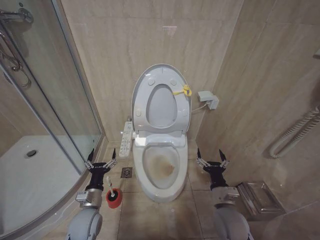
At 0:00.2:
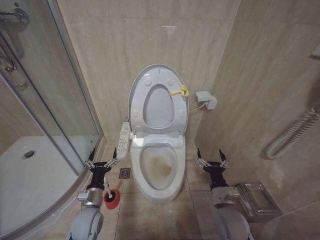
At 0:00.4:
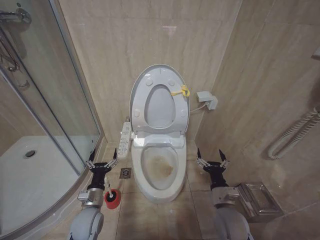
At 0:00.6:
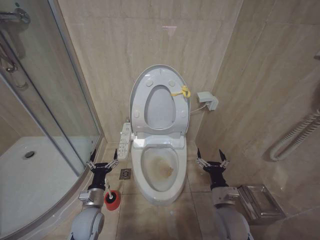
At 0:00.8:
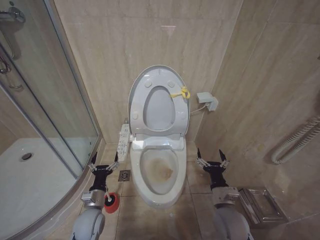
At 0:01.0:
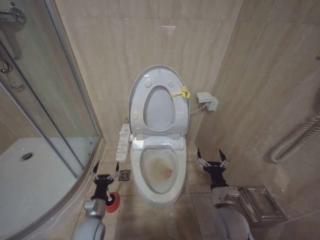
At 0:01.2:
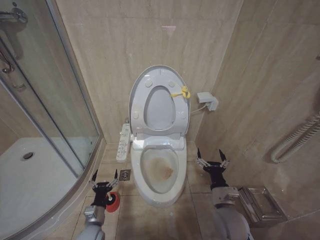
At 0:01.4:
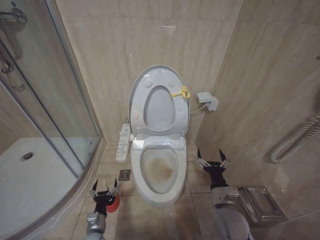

--*--

## ASSIGNMENT
Without the pictures, set down every entry exactly.

## RESULT FOR THIS EXERCISE
At 0:00.2:
At 0:00.4:
At 0:00.6:
At 0:00.8:
At 0:01.0:
At 0:01.2:
At 0:01.4:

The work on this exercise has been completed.